- **PROBLEM TO WORK ON**
Please copy each line of the listing that includes the string "oriented".

───── MATERIAL SUPPLIED

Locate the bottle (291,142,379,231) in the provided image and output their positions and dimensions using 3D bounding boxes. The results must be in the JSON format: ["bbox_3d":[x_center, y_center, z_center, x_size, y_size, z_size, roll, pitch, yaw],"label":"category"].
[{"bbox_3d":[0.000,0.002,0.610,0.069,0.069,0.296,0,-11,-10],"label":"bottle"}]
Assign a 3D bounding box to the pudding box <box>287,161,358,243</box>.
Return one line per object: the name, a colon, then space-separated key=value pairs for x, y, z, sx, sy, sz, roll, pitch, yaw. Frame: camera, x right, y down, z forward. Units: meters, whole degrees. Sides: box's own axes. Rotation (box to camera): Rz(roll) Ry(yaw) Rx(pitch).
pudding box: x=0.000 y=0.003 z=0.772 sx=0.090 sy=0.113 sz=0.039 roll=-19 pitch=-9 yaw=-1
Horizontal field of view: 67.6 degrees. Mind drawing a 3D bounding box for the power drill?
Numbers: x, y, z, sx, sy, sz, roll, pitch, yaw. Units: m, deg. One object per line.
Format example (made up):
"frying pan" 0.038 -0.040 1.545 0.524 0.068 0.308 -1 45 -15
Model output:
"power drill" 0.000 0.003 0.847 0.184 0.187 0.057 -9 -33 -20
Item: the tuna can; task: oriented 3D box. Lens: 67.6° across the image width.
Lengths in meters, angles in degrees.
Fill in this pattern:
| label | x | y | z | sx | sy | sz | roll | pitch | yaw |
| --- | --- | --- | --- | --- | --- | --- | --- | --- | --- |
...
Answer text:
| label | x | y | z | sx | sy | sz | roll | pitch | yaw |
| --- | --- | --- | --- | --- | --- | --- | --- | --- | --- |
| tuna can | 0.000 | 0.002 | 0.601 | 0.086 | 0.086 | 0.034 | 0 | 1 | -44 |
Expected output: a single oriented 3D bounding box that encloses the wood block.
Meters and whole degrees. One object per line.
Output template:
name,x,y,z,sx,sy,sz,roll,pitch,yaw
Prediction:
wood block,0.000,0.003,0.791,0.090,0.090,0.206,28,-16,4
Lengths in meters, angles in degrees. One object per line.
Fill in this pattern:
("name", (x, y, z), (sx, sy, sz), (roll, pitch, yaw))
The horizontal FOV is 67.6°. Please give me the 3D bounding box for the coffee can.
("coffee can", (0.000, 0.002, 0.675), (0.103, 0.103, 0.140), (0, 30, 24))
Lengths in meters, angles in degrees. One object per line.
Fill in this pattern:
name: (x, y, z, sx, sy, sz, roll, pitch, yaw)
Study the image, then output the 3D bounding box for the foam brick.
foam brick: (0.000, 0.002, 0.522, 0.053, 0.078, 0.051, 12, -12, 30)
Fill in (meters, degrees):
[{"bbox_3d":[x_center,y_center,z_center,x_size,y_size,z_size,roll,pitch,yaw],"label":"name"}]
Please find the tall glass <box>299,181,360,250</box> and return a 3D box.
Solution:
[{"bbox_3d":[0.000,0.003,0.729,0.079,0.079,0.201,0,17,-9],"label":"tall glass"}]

──────────

- **SOLVED EXERCISE**
Item: the tuna can; task: oriented 3D box. Lens: 67.6° across the image width.
Expected output: a single oriented 3D bounding box that encloses the wood block.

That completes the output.